Source records
****

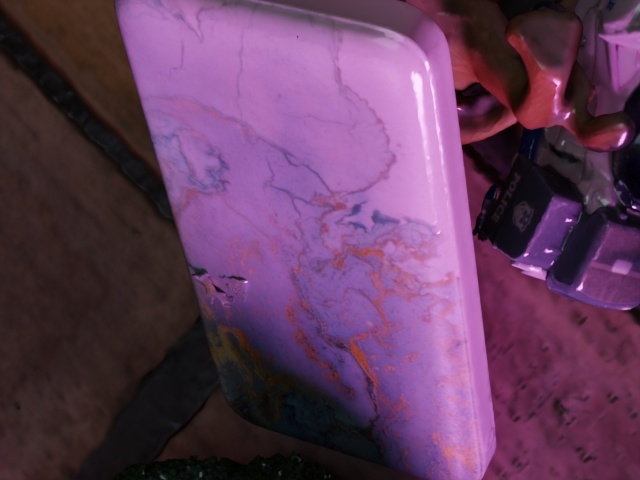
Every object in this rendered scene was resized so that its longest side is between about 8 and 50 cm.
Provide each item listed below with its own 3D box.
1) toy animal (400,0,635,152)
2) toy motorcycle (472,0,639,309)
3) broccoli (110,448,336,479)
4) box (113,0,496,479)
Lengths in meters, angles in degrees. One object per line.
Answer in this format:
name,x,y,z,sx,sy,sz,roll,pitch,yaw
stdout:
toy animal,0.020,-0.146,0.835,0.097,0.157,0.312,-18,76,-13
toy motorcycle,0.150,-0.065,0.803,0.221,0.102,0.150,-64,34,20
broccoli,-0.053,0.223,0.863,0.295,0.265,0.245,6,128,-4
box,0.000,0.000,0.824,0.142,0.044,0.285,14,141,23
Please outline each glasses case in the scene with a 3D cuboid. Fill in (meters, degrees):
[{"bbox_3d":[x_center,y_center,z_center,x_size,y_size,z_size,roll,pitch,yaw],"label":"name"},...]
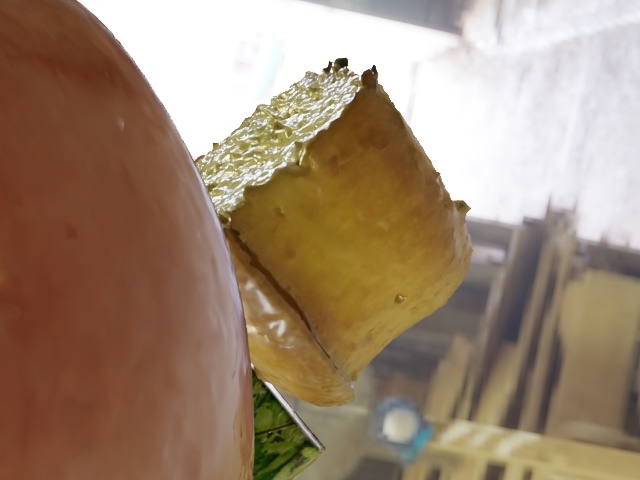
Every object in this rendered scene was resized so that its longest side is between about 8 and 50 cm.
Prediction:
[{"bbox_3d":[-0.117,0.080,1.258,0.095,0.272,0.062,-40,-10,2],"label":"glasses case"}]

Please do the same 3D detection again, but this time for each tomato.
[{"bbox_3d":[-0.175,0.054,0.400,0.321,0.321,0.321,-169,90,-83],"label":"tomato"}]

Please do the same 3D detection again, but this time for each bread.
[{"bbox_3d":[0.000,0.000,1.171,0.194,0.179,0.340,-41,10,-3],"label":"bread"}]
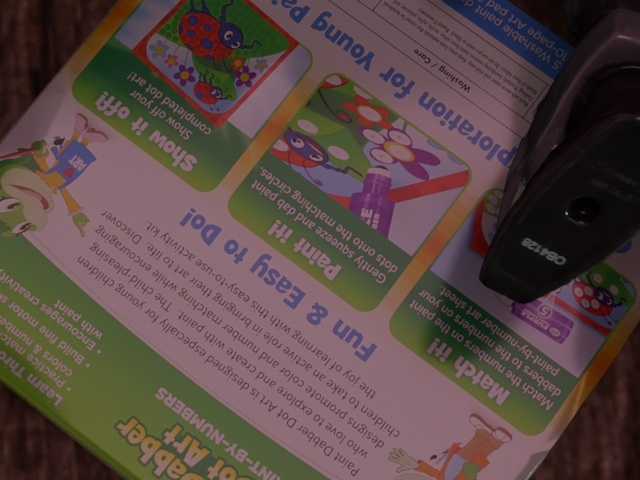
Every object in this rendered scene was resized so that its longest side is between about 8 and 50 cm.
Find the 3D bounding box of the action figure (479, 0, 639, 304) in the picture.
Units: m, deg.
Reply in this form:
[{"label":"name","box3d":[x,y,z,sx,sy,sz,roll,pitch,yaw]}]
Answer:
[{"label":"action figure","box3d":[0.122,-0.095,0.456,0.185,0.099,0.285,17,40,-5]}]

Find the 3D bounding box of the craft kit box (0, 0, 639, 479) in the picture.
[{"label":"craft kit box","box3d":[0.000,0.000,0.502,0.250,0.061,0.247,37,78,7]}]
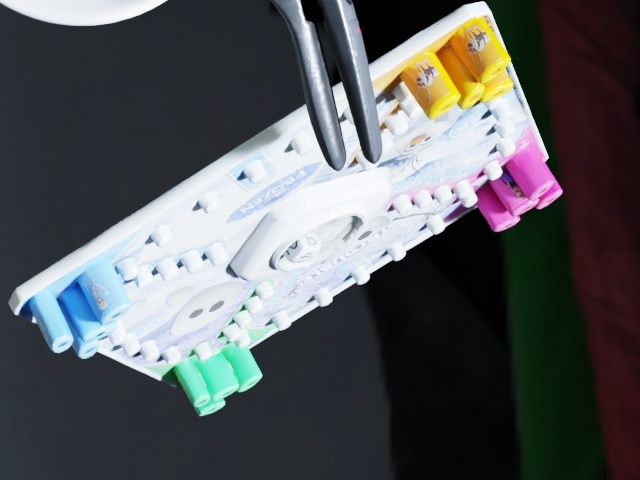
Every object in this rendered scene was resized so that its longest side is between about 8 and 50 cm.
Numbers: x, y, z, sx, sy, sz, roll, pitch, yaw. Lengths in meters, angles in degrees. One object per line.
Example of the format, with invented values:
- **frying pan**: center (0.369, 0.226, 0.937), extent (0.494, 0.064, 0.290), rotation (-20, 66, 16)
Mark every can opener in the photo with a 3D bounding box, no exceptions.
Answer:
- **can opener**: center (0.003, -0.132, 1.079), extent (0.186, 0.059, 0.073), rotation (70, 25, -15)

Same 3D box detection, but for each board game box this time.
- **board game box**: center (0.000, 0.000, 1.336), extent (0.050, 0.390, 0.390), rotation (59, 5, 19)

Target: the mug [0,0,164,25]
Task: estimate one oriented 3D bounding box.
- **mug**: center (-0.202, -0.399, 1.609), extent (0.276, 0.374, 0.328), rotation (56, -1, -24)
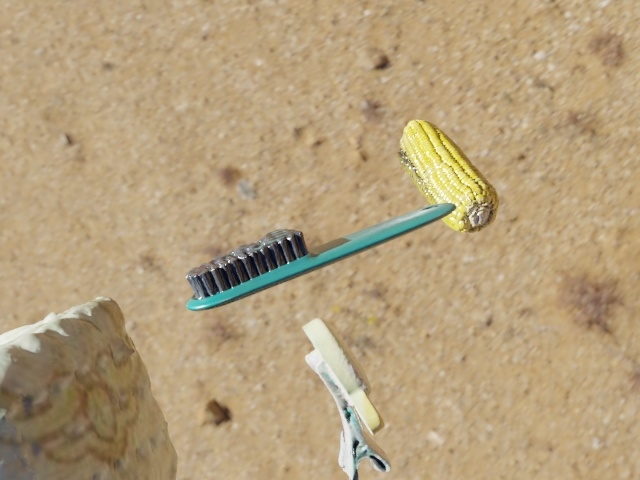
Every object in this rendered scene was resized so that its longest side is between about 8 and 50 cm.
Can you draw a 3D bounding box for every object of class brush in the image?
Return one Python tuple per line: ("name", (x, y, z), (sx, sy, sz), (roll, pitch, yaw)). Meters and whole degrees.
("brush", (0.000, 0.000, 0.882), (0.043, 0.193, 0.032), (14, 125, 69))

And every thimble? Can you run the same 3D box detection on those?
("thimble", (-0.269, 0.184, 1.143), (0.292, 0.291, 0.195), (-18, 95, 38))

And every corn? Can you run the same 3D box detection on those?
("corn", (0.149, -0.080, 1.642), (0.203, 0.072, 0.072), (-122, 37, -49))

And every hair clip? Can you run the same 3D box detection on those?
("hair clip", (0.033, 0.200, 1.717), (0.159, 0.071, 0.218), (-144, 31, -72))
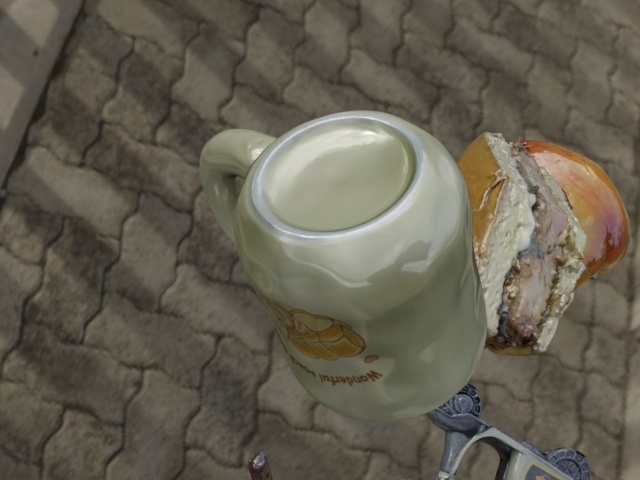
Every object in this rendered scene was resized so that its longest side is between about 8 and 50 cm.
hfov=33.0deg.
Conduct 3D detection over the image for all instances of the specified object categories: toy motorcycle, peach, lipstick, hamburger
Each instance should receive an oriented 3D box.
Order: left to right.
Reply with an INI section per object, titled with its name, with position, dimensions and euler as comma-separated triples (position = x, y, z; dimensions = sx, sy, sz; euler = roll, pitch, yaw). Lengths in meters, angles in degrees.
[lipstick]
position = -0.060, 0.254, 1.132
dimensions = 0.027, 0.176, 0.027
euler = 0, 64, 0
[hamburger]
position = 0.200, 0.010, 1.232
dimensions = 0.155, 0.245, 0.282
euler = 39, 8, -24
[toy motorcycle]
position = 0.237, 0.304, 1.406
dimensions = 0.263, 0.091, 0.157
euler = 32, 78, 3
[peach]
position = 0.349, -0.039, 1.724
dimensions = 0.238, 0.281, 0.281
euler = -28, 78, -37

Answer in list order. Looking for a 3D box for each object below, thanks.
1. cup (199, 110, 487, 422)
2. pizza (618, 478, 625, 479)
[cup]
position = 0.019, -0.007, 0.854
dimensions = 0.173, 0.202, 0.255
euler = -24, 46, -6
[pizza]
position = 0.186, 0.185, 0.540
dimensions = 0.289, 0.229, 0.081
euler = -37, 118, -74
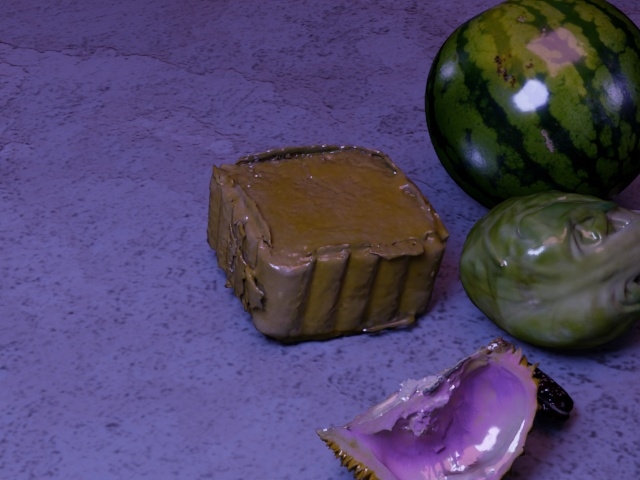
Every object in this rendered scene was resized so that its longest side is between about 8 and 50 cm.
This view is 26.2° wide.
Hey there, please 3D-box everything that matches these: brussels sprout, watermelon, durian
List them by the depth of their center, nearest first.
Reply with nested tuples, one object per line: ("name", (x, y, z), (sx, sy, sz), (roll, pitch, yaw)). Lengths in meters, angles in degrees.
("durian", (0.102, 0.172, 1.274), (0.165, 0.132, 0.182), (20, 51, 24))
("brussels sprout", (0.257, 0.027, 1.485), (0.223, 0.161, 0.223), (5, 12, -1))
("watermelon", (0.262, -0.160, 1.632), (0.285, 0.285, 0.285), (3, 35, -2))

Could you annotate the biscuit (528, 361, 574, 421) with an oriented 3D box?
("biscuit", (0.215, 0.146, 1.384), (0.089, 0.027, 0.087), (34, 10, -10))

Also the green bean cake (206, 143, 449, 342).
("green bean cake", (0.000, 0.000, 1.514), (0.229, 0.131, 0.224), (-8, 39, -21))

****

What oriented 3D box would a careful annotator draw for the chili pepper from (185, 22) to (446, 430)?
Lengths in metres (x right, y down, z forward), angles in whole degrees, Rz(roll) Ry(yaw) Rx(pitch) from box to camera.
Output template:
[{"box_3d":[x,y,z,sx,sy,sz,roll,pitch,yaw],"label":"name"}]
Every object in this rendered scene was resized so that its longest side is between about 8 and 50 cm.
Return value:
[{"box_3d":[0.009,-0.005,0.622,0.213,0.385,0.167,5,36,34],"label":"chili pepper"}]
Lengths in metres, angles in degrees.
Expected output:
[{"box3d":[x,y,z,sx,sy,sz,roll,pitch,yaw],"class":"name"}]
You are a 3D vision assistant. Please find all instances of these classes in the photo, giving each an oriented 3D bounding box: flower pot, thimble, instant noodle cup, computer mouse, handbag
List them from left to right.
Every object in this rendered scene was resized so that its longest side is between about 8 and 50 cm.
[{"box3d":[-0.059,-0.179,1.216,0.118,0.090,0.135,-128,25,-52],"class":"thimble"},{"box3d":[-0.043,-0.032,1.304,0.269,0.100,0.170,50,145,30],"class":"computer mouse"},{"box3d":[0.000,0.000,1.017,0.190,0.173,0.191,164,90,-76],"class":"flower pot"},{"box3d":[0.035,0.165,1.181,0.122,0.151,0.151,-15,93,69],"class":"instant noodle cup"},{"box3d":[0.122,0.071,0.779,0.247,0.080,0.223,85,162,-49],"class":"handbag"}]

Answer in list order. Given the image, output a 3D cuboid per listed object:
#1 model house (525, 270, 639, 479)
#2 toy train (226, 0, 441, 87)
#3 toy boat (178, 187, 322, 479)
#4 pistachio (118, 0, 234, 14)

****

TASK DESCRIPTION = For every line above that holds the word "cuboid", report the whole line.

ANSWER =
Please outline each glasses case in the scene with a 3D cuboid. Fill in (meters, degrees):
Answer in list order. Given the image, output a 3D cuboid per listed object:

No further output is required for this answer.